Exactly retype the opening line of the entries and every line after it, ending with the line that contains "#20 building (321,0,510,151)". Skip all pictures.

%%

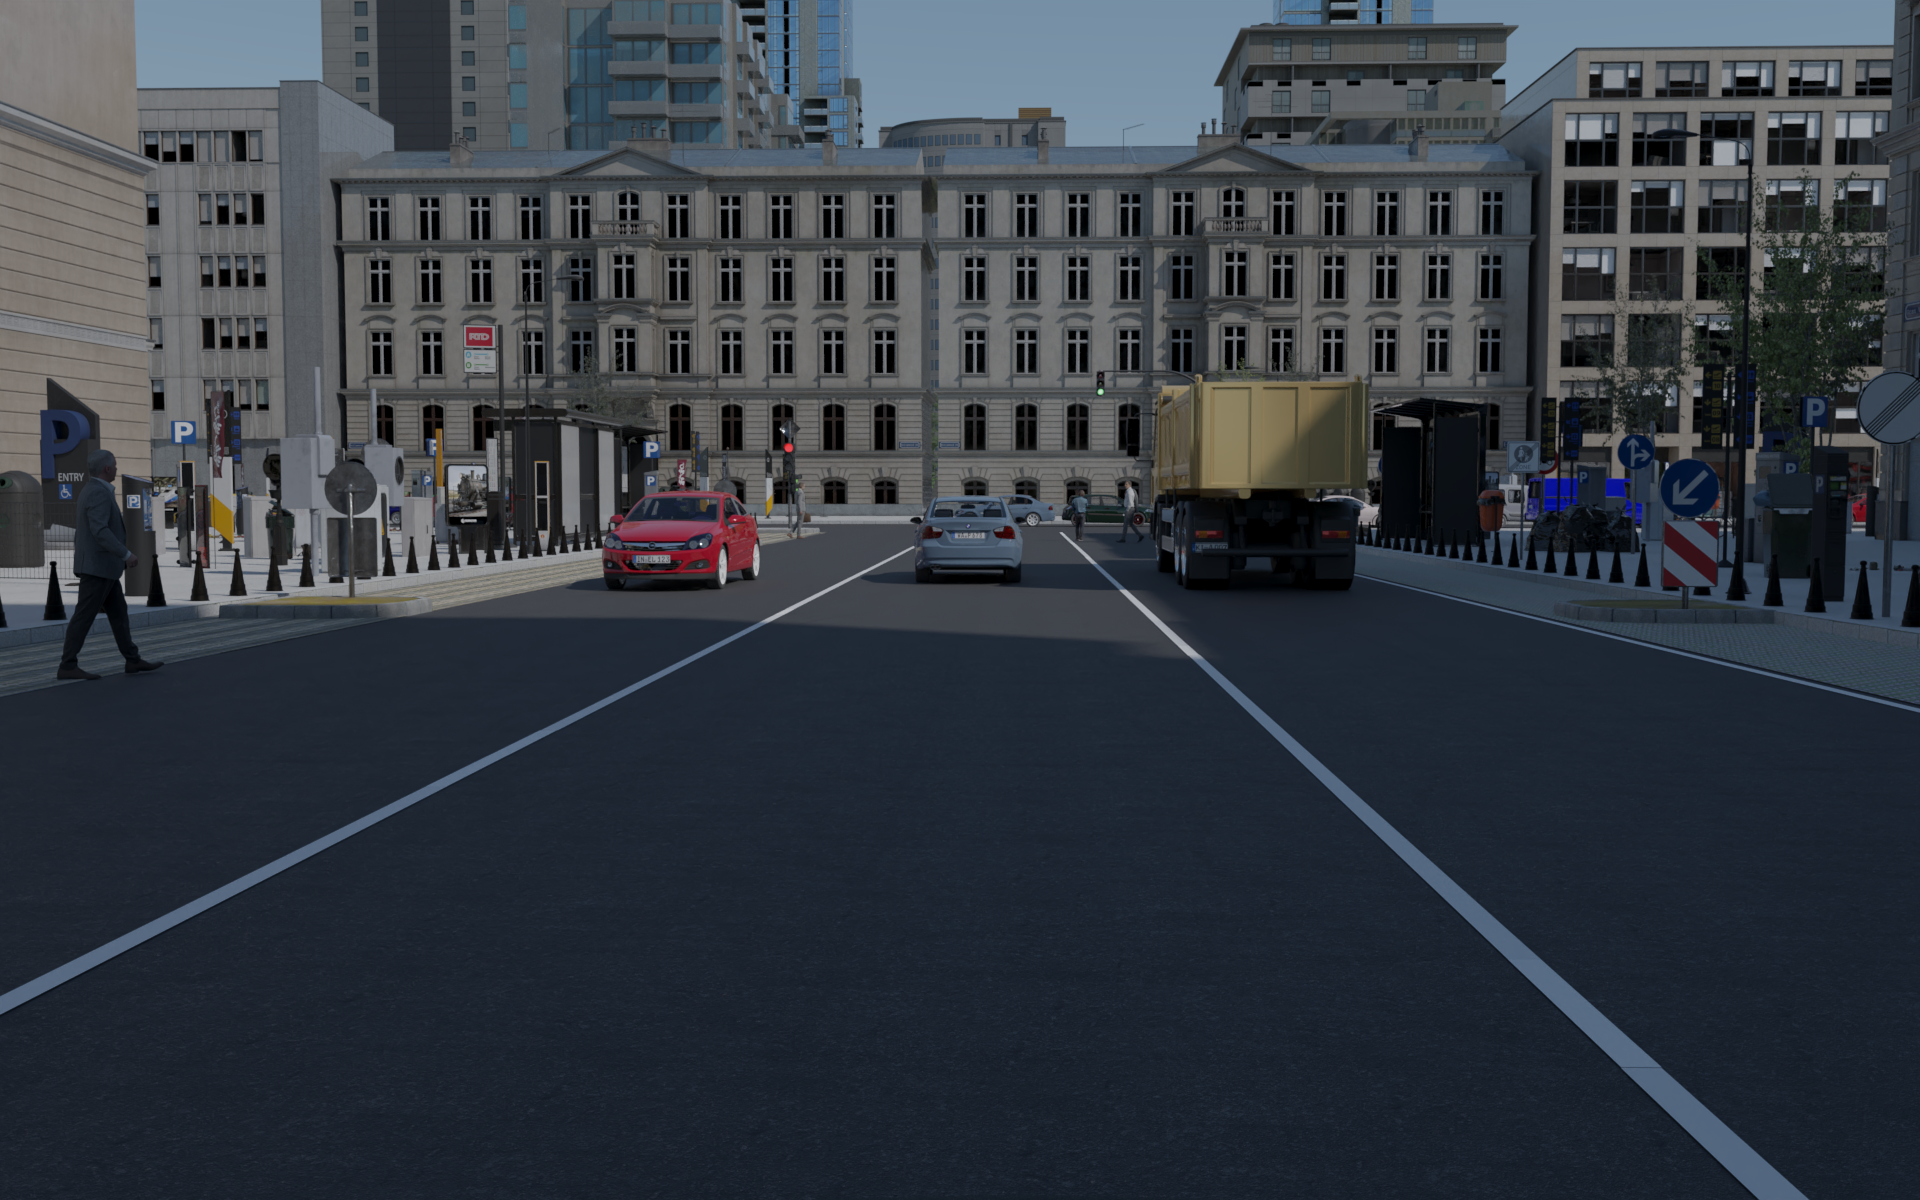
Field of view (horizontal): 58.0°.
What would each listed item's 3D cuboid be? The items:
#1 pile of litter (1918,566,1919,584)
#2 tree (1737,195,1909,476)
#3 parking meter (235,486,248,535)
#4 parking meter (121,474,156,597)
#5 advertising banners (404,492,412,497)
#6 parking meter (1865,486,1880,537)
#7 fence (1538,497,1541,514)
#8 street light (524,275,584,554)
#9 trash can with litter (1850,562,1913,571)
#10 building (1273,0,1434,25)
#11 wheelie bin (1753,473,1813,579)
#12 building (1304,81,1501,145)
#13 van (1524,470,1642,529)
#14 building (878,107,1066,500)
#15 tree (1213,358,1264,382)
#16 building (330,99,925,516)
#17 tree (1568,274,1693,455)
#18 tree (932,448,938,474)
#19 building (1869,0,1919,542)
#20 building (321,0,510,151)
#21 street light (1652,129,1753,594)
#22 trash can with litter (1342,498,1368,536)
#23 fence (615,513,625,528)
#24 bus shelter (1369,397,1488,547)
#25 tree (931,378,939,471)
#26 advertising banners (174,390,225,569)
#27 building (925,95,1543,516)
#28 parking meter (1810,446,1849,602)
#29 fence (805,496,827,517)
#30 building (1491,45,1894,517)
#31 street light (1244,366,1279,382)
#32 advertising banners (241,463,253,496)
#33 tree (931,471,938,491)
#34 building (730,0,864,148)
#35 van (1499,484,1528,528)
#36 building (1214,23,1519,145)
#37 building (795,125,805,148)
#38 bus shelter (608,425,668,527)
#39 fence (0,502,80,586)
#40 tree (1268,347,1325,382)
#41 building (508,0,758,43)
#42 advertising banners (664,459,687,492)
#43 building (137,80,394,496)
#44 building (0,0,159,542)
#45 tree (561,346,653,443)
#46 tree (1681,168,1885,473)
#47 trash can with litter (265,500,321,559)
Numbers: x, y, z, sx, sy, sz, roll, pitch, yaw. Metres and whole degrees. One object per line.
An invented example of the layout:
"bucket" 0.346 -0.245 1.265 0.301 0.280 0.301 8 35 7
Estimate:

%%

### EXERCISE SOLUTION
Field of view (horizontal): 58.0°.
What would each listed item's 3D cuboid be? The items:
#1 pile of litter (1918,566,1919,584)
#2 tree (1737,195,1909,476)
#3 parking meter (235,486,248,535)
#4 parking meter (121,474,156,597)
#5 advertising banners (404,492,412,497)
#6 parking meter (1865,486,1880,537)
#7 fence (1538,497,1541,514)
#8 street light (524,275,584,554)
#9 trash can with litter (1850,562,1913,571)
#10 building (1273,0,1434,25)
#11 wheelie bin (1753,473,1813,579)
#12 building (1304,81,1501,145)
#13 van (1524,470,1642,529)
#14 building (878,107,1066,500)
#15 tree (1213,358,1264,382)
#16 building (330,99,925,516)
#17 tree (1568,274,1693,455)
#18 tree (932,448,938,474)
#19 building (1869,0,1919,542)
#20 building (321,0,510,151)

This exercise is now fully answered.